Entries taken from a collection

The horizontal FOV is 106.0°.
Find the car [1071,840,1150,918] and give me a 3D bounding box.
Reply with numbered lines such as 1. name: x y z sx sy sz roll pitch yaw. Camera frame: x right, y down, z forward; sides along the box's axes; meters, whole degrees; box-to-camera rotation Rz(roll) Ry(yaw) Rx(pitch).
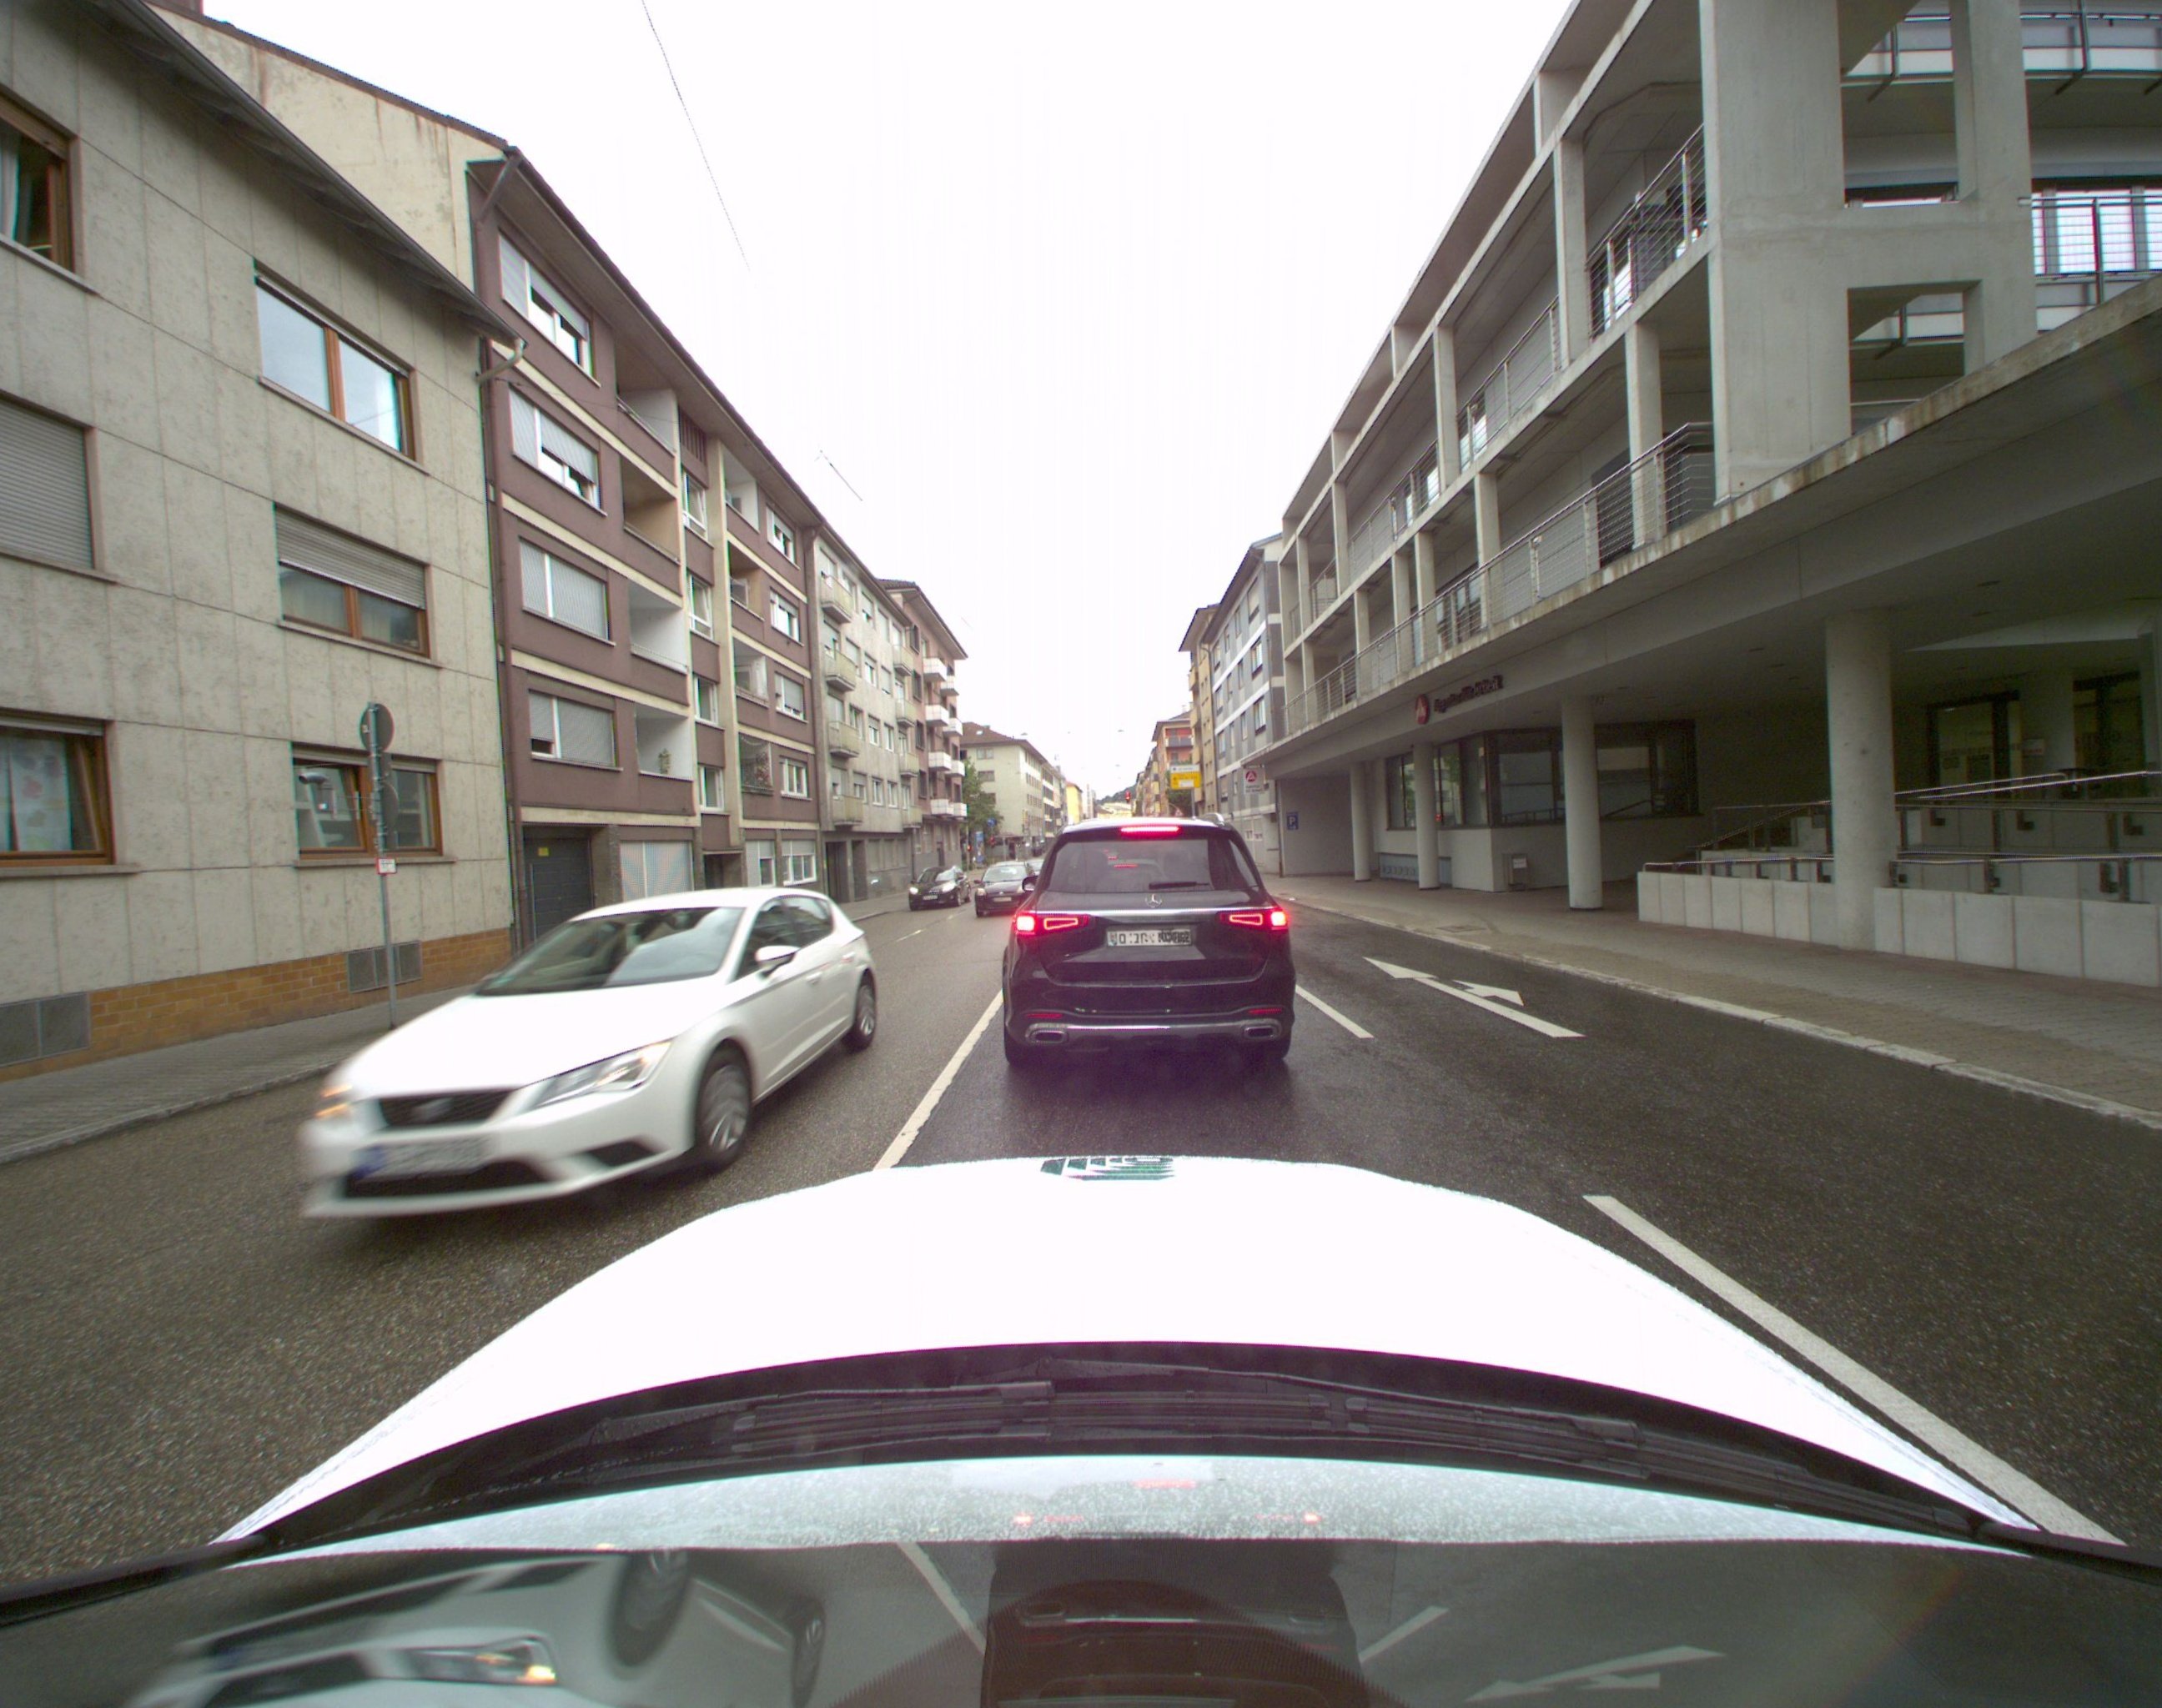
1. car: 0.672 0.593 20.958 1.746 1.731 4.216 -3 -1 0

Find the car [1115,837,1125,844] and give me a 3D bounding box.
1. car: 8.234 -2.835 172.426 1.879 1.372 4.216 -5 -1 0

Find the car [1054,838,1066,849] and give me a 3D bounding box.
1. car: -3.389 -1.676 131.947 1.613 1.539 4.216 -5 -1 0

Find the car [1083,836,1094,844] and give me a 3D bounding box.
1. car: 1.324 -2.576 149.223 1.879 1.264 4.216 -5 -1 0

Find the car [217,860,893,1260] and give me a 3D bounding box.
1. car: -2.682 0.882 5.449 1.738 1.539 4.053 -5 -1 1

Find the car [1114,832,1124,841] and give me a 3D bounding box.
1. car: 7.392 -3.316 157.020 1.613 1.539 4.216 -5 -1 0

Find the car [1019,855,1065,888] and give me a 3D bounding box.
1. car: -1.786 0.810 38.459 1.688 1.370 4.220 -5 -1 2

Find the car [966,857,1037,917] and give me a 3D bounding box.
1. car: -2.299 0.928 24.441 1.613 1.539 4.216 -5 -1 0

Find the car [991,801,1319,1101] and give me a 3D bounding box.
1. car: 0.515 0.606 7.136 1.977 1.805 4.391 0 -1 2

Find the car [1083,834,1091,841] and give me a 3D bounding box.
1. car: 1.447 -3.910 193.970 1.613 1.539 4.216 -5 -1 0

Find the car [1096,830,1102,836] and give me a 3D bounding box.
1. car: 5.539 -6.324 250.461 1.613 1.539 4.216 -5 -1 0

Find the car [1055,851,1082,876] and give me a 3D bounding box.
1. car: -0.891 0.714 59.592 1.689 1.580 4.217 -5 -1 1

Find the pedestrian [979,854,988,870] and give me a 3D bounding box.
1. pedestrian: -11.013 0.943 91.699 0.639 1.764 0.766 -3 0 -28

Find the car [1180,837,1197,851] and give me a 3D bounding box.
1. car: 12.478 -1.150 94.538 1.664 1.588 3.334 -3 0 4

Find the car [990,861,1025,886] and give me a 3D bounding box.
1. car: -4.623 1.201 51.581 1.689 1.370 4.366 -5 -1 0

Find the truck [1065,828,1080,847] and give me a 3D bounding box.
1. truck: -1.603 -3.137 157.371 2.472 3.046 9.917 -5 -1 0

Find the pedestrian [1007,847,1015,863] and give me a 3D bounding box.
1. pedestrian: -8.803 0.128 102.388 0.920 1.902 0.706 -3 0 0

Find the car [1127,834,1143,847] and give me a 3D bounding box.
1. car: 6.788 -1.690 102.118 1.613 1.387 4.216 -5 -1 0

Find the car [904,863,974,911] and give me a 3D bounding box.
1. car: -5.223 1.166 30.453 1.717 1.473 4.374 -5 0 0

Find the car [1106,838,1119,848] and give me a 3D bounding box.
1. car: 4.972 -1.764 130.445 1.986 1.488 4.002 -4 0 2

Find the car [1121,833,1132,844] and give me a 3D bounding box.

■ **What to produce**:
All of the entries above should be copied exactly, with the images left out.

■ **Reply**:
The horizontal FOV is 106.0°.
Find the car [1071,840,1150,918] and give me a 3D bounding box.
Reply with numbered lines such as 1. name: x y z sx sy sz roll pitch yaw. Camera frame: x right, y down, z forward; sides along the box's axes; meters, whole degrees; box-to-camera rotation Rz(roll) Ry(yaw) Rx(pitch).
1. car: 0.672 0.593 20.958 1.746 1.731 4.216 -3 -1 0

Find the car [1115,837,1125,844] and give me a 3D bounding box.
1. car: 8.234 -2.835 172.426 1.879 1.372 4.216 -5 -1 0

Find the car [1054,838,1066,849] and give me a 3D bounding box.
1. car: -3.389 -1.676 131.947 1.613 1.539 4.216 -5 -1 0

Find the car [1083,836,1094,844] and give me a 3D bounding box.
1. car: 1.324 -2.576 149.223 1.879 1.264 4.216 -5 -1 0

Find the car [217,860,893,1260] and give me a 3D bounding box.
1. car: -2.682 0.882 5.449 1.738 1.539 4.053 -5 -1 1

Find the car [1114,832,1124,841] and give me a 3D bounding box.
1. car: 7.392 -3.316 157.020 1.613 1.539 4.216 -5 -1 0

Find the car [1019,855,1065,888] and give me a 3D bounding box.
1. car: -1.786 0.810 38.459 1.688 1.370 4.220 -5 -1 2

Find the car [966,857,1037,917] and give me a 3D bounding box.
1. car: -2.299 0.928 24.441 1.613 1.539 4.216 -5 -1 0

Find the car [991,801,1319,1101] and give me a 3D bounding box.
1. car: 0.515 0.606 7.136 1.977 1.805 4.391 0 -1 2

Find the car [1083,834,1091,841] and give me a 3D bounding box.
1. car: 1.447 -3.910 193.970 1.613 1.539 4.216 -5 -1 0

Find the car [1096,830,1102,836] and give me a 3D bounding box.
1. car: 5.539 -6.324 250.461 1.613 1.539 4.216 -5 -1 0

Find the car [1055,851,1082,876] and give me a 3D bounding box.
1. car: -0.891 0.714 59.592 1.689 1.580 4.217 -5 -1 1

Find the pedestrian [979,854,988,870] and give me a 3D bounding box.
1. pedestrian: -11.013 0.943 91.699 0.639 1.764 0.766 -3 0 -28

Find the car [1180,837,1197,851] and give me a 3D bounding box.
1. car: 12.478 -1.150 94.538 1.664 1.588 3.334 -3 0 4

Find the car [990,861,1025,886] and give me a 3D bounding box.
1. car: -4.623 1.201 51.581 1.689 1.370 4.366 -5 -1 0

Find the truck [1065,828,1080,847] and give me a 3D bounding box.
1. truck: -1.603 -3.137 157.371 2.472 3.046 9.917 -5 -1 0

Find the pedestrian [1007,847,1015,863] and give me a 3D bounding box.
1. pedestrian: -8.803 0.128 102.388 0.920 1.902 0.706 -3 0 0

Find the car [1127,834,1143,847] and give me a 3D bounding box.
1. car: 6.788 -1.690 102.118 1.613 1.387 4.216 -5 -1 0

Find the car [904,863,974,911] and give me a 3D bounding box.
1. car: -5.223 1.166 30.453 1.717 1.473 4.374 -5 0 0

Find the car [1106,838,1119,848] and give me a 3D bounding box.
1. car: 4.972 -1.764 130.445 1.986 1.488 4.002 -4 0 2

Find the car [1121,833,1132,844] and give me a 3D bounding box.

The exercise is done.